SQL: Finding the bottleneck
If you want to understand a performance problem there is usually no way to get around reading execution plans. Here is what the planner thinks:
explain SELECT name, count(*) FROM t_gender AS a, t_person AS b WHERE a.id = b.gender GROUP BY 1; QUERY PLAN ----------------------------------------------------- HashAggregate ... Group Key: a.name -> Hash Join (rows=5000034) Hash Cond: (b.gender = a.id) -> Seq Scan on t_person b (rows=5000034) -> Hash (cost=1.02..1.02 rows=2 width=10) -> Seq Scan on t_gender a (rows=2)
PostgreSQL scans both tables sequentually and joins them together. Then the joined data is aggregated. In other words: 5 million rows will be joined with a small table.
High-performance analysis and aggregation in PostgreSQL
However, there is an alternative: What if we aggregate first and join later? What if we just counted those IDs and then lookup the name? The beauty of this approach is that we just had to join 2 rows instead of 5 million rows.
Here is what we could do:
test=# WITH x AS ( SELECT gender, count(*) AS res FROM t_person AS a GROUP BY 1 ) SELECT name, res FROM x, t_gender AS y WHERE x.gender = y.id; ... ... Time: 526.472 ms
Voila, the same thing happens A LOT faster. The Common Table Expression (CTE) is executed first and then joined. WITH is an “optimization barrier” making sure that the optimizer cannot fool around with things.
Let us take a look at the plan:
test=# explain WITH x AS ( SELECT gender, count(*) AS res FROM t_person AS a GROUP BY 1 ) SELECT name, res FROM x, t_gender AS y WHERE x.gender = y.id; QUERY PLAN --------------------------------- Hash Join (rows=2) Hash Cond: (y.id = x.gender) CTE x -> HashAggregate (rows=2) Group Key: a.gender -> Seq Scan on t_person a (rows=5000034) -> Seq Scan on t_gender y (rows=2) -> Hash (rows=2) -> CTE Scan on x (rows=2)
Sweet: The CTE is calculated and later joined giving us the extra boost we desired.

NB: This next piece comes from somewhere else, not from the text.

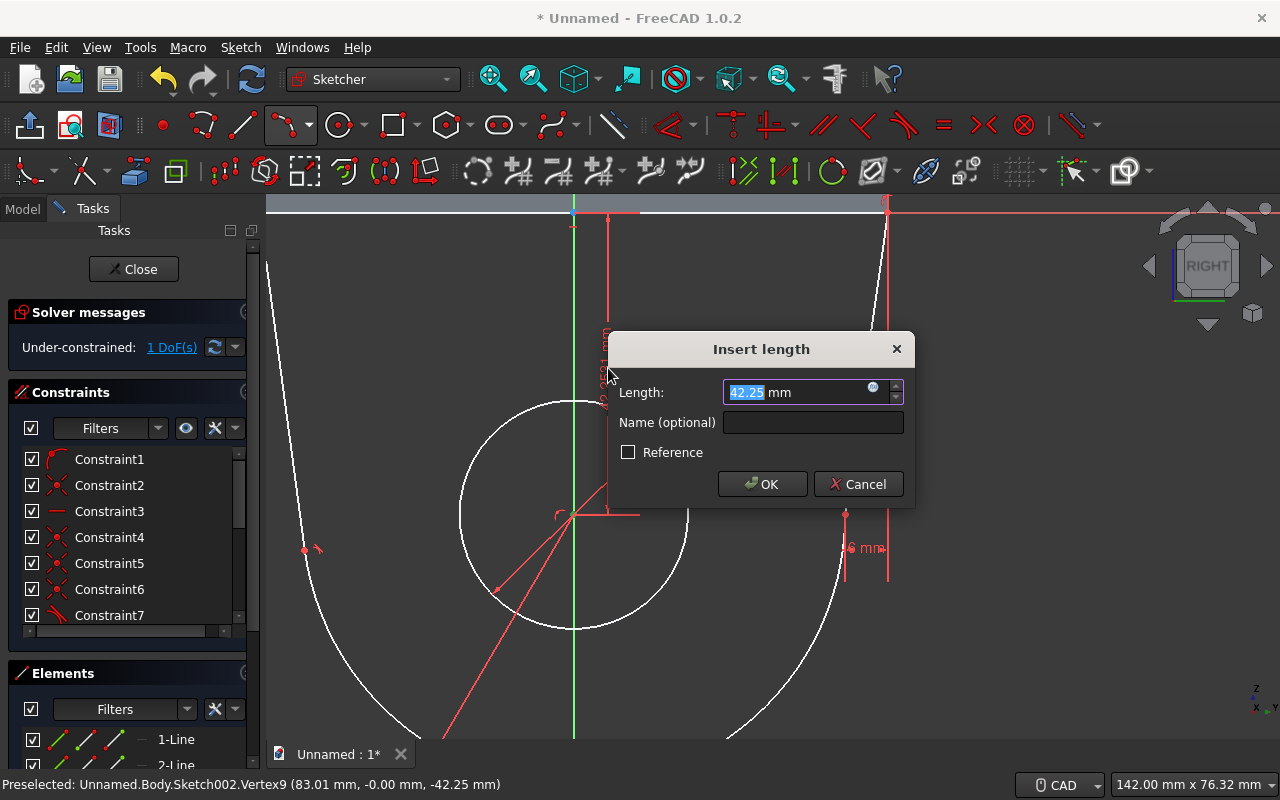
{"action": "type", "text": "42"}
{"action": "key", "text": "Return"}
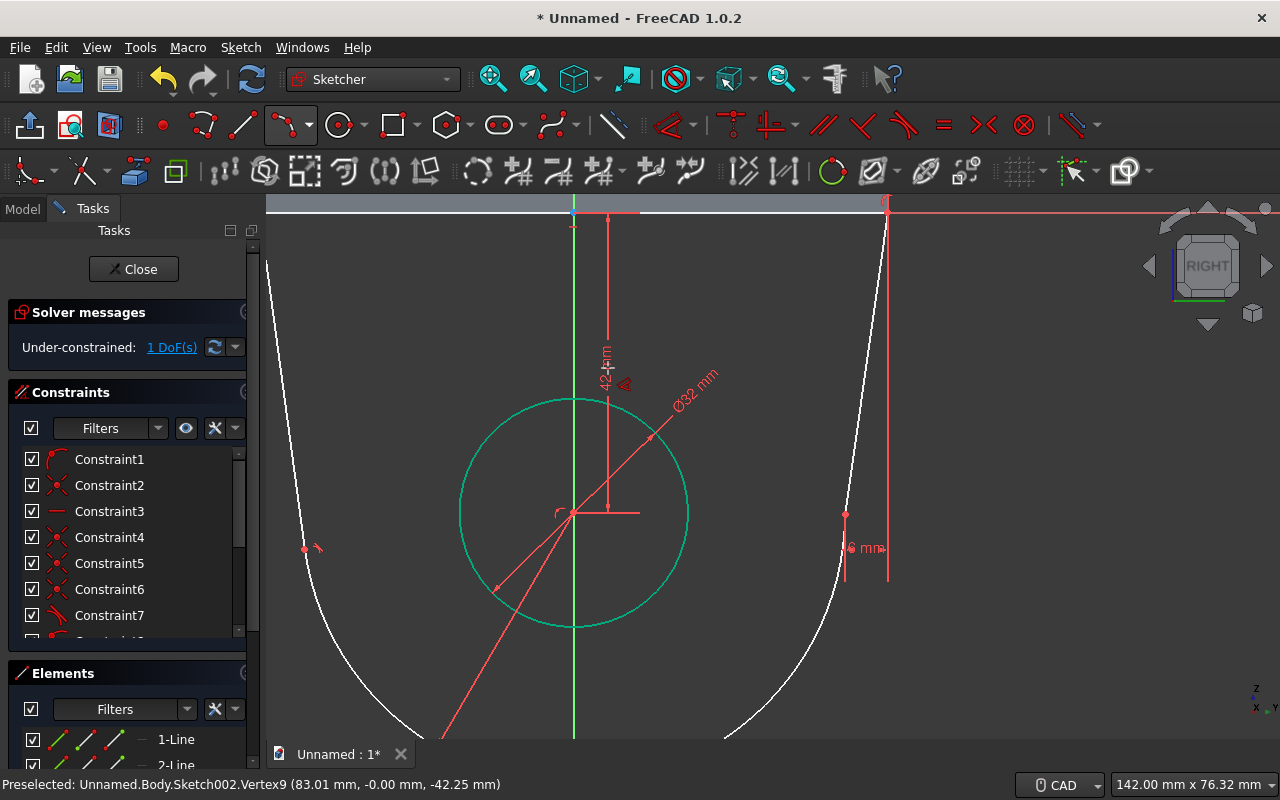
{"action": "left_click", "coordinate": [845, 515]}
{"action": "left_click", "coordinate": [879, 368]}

PostgreSQL: What the future might have in stock for us
The reason why PostgreSQL is not doing this automatically is buried deep inside the structure of the planner. As of version 10.x PostgreSQL always has to join first and aggregate later. Currently serious work is done to lift this restriction and give the planner a bit more flexibility. Various developers including people from my team here at Cybertec are actively working on this issue and I am hopeful to see speedup in PostgreSQL 11 or maybe PostgreSQL 12.